Simulated Author's Rebuttal

2 responses · 0 unresolved

Thank you for the opportunity to respond to the referee's report. We address each major comment below.

read point-by-point responses
  1. Referee: Abstract: the central claim that the reduction yields an 'explicit finite-dimensional effective matrix' whose singularity characterizes resonances is load-bearing, yet the provided description contains no derivation steps or explicit form of the projected operator; without these the accuracy of the subsequent subwavelength expansions cannot be verified.

    Authors: The explicit construction of the finite-dimensional matrix via Fourier-Galerkin projection is derived in detail in Section 2 of the manuscript. Starting from the boundary integral formulation of the scattering problem, the operator is projected onto the Fourier basis, yielding the matrix entries as Fourier coefficients that can be computed via FFT. The characterization of resonances as singularities of this matrix is established in Theorem 2.1. The abstract summarizes this reduction concisely, but we will revise it to include a brief reference to the projection step and the resulting matrix form to improve clarity. revision: yes

  2. Referee: The subwavelength asymptotic expansions: the identification of leading-order operators and kernel structure is asserted but no error bound or remainder estimate is referenced, which is required to justify that the low-dimensional nonlinear eigenvalue problem accurately locates the resonances rather than only approximating them.

    Authors: Section 4 presents the subwavelength asymptotic analysis, where we expand the effective matrix in powers of the frequency ω and the material contrast parameter, identifying the leading-order operators and their kernels. The low-dimensional nonlinear eigenvalue problem is obtained by retaining these leading terms. While the formal expansions are provided, we agree that an explicit error bound would strengthen the justification. We will include a new remark or subsection providing the remainder estimate based on the analyticity of the operators in the subwavelength regime. revision: yes

Circularity Check

0 steps flagged

No significant circularity; derivation self-contained from boundary integral formulation

full rationale

The paper begins with the standard boundary integral formulation of the scattering problem, projects the operator onto Fourier modes, and derives an explicit finite-dimensional effective matrix whose singularities locate the resonances. Asymptotic expansions in the subwavelength regime are obtained directly from this projected operator. No step reduces by construction to a fitted parameter, self-citation chain, or renamed input; the low-dimensional nonlinear eigenvalue problem follows from the projection and smoothness hypothesis without circularity. The construction is internally consistent and externally falsifiable via the underlying integral equation.

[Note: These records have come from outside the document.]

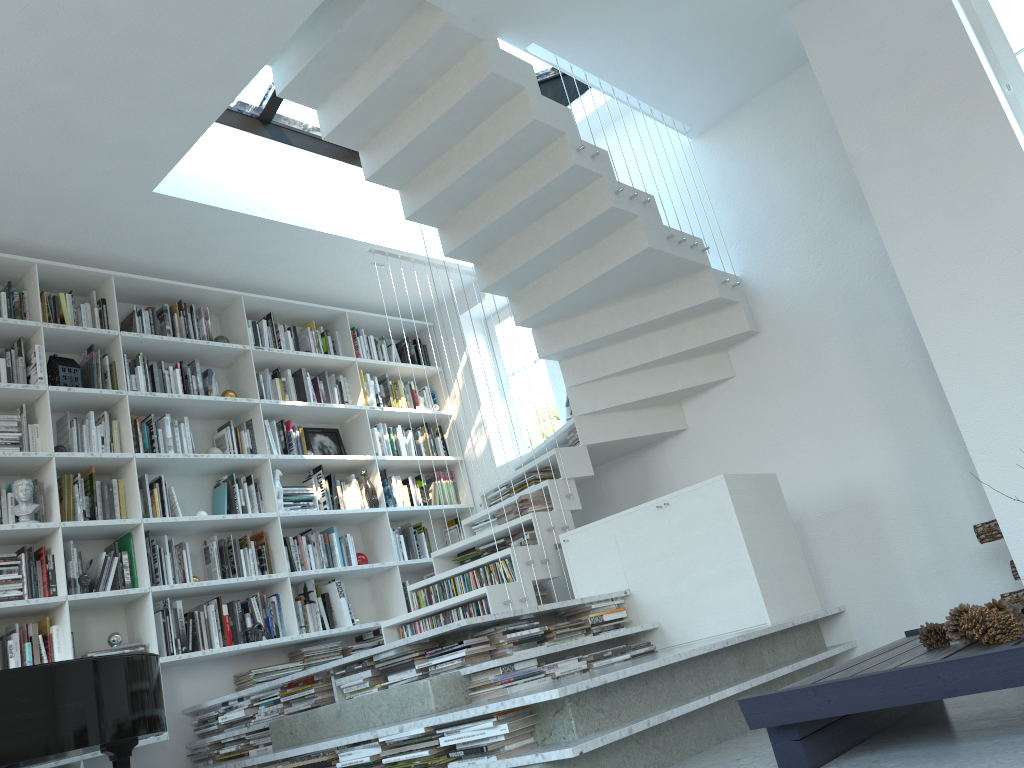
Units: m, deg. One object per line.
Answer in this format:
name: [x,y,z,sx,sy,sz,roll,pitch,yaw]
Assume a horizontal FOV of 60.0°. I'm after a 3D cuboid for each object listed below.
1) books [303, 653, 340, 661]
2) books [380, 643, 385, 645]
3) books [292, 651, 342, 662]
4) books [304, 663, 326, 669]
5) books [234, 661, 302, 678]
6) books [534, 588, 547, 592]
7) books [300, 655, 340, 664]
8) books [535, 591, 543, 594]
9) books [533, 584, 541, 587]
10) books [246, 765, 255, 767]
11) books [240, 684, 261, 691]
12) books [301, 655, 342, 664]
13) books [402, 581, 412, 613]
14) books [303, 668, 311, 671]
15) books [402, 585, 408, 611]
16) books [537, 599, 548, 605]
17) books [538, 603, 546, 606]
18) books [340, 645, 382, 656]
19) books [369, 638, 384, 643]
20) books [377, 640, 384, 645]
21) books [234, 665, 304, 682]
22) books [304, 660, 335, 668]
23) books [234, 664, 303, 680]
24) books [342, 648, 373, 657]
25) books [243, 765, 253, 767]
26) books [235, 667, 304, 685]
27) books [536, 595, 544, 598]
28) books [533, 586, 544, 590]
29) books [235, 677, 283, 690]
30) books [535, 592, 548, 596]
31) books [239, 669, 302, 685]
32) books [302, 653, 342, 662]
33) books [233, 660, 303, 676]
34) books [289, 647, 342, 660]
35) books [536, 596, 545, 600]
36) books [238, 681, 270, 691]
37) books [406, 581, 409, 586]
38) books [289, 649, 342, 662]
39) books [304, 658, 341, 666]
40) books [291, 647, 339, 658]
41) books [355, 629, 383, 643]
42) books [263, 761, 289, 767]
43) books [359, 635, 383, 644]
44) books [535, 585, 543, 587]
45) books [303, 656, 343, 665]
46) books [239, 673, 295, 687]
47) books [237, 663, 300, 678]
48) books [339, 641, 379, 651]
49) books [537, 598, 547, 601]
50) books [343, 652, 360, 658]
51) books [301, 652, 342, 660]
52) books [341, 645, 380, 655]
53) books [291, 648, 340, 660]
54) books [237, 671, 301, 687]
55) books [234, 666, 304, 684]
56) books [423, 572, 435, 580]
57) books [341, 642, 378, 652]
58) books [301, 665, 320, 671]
books: [-1.198,1.675,5.400,0.161,0.005,0.254,-28,-22,36]
books: [-0.829,1.695,5.751,0.283,0.010,0.169,-28,-22,36]
books: [-1.201,1.665,5.404,0.160,0.005,0.285,-28,-22,36]
books: [-1.186,1.716,5.389,0.161,0.007,0.254,-29,-22,38]
books: [-1.416,1.659,5.153,0.194,0.007,0.346,-27,-22,35]
books: [0.079,1.419,5.984,0.290,0.014,0.174,5,-26,-46]
books: [-1.197,1.686,5.398,0.161,0.005,0.254,-28,-22,37]
books: [0.078,1.434,5.985,0.189,0.013,0.215,-27,-22,35]
books: [0.066,1.389,5.999,0.183,0.012,0.206,-26,-21,33]
books: [-1.159,1.634,3.750,0.228,0.011,0.174,-28,-22,36]
books: [-1.396,1.733,5.123,0.308,0.008,0.195,3,-25,-44]
books: [-1.194,1.692,5.399,0.160,0.007,0.285,-28,-22,37]
books: [-0.743,1.452,5.906,0.183,0.233,0.014,-28,-22,37]
books: [-1.178,1.727,5.381,0.161,0.007,0.254,-26,-21,33]
books: [-0.767,1.460,5.882,0.165,0.214,0.031,-28,-22,37]
books: [0.094,1.491,5.953,0.188,0.027,0.254,-28,-22,37]
books: [0.107,1.513,5.939,0.204,0.028,0.163,5,-26,-46]
books: [-0.939,1.702,5.668,0.328,0.008,0.208,3,-24,-43]
books: [-0.837,1.666,5.759,0.165,0.015,0.243,4,-25,-45]
books: [-0.837,1.681,5.749,0.173,0.019,0.197,3,-24,-43]
books: [-1.405,1.677,5.141,0.194,0.007,0.346,-26,-21,33]
books: [-1.181,1.707,5.386,0.160,0.007,0.285,-26,-21,33]
books: [-1.413,1.673,5.149,0.346,0.007,0.194,5,-25,-46]
books: [-0.945,1.714,5.673,0.206,0.007,0.368,-28,-22,36]
books: [-1.171,1.626,3.741,0.225,0.005,0.193,-26,-21,34]
books: [-1.405,1.693,5.141,0.194,0.007,0.346,-27,-21,34]
books: [0.096,1.454,5.967,0.160,0.009,0.210,-29,-22,38]
books: [0.087,1.399,5.979,0.150,0.016,0.240,-28,-22,37]
books: [-1.402,1.721,5.132,0.194,0.007,0.346,-27,-22,35]
books: [0.089,1.444,5.974,0.171,0.017,0.286,-28,-22,36]
books: [-1.400,1.698,5.135,0.308,0.008,0.195,3,-24,-43]
books: [-1.195,1.679,5.397,0.160,0.005,0.285,-27,-22,35]
books: [-1.418,1.652,5.155,0.346,0.007,0.194,5,-25,-46]
books: [-1.201,1.644,5.409,0.160,0.005,0.285,-27,-21,34]
books: [0.095,1.467,5.966,0.169,0.014,0.212,-29,-22,38]
books: [-1.401,1.728,5.128,0.308,0.008,0.195,5,-25,-46]
books: [-0.730,1.452,5.925,0.152,0.237,0.030,-28,-22,37]
books: [-1.198,1.652,5.402,0.160,0.005,0.285,-26,-21,33]
books: [-1.189,1.704,5.393,0.161,0.007,0.254,-29,-22,38]
books: [-1.199,1.637,5.408,0.161,0.005,0.254,-26,-21,33]
books: [-0.859,1.622,5.760,0.267,0.035,0.204,-29,-22,38]
books: [-0.942,1.531,3.552,0.250,0.012,0.179,-27,-21,34]
books: [-0.842,1.649,5.763,0.286,0.012,0.159,-26,-21,34]
books: [0.071,1.396,5.994,0.174,0.006,0.251,-26,-21,34]
books: [-1.191,1.698,5.396,0.160,0.007,0.285,-29,-22,38]
books: [-1.398,1.712,5.129,0.195,0.008,0.308,-26,-21,33]
books: [-1.414,1.666,5.151,0.308,0.008,0.195,5,-25,-46]
books: [-0.953,1.677,5.682,0.368,0.007,0.206,5,-25,-46]
books: [0.089,1.481,5.971,0.189,0.006,0.249,-27,-22,35]
books: [-0.941,1.719,5.669,0.328,0.008,0.208,5,-25,-46]
books: [-1.200,1.670,5.402,0.160,0.005,0.285,-29,-22,38]
books: [-0.947,1.697,5.675,0.328,0.008,0.208,5,-25,-46]
books: [-1.198,1.648,5.406,0.254,0.005,0.161,3,-25,-44]
books: [-1.409,1.709,5.139,0.195,0.008,0.308,-28,-22,37]
books: [-1.409,1.687,5.144,0.346,0.007,0.194,5,-25,-46]
books: [-0.534,1.459,6.180,0.160,0.284,0.012,-28,-22,37]
books: [-0.944,1.680,5.674,0.206,0.007,0.368,-26,-21,33]
books: [-1.179,1.720,5.383,0.160,0.007,0.285,-26,-21,33]

Axiom & Free-Parameter Ledger

0 free parameters · 1 axioms · 0 invented entities

The approach rests on standard domain assumptions for boundary integral methods and Fourier expansions on smooth curves; no free parameters or invented entities are introduced in the abstract.

axioms (1)
  • domain assumption The scatterer boundary is smooth
    Required for rapid convergence of Fourier series and validity of the subwavelength asymptotic expansions of the projected operator.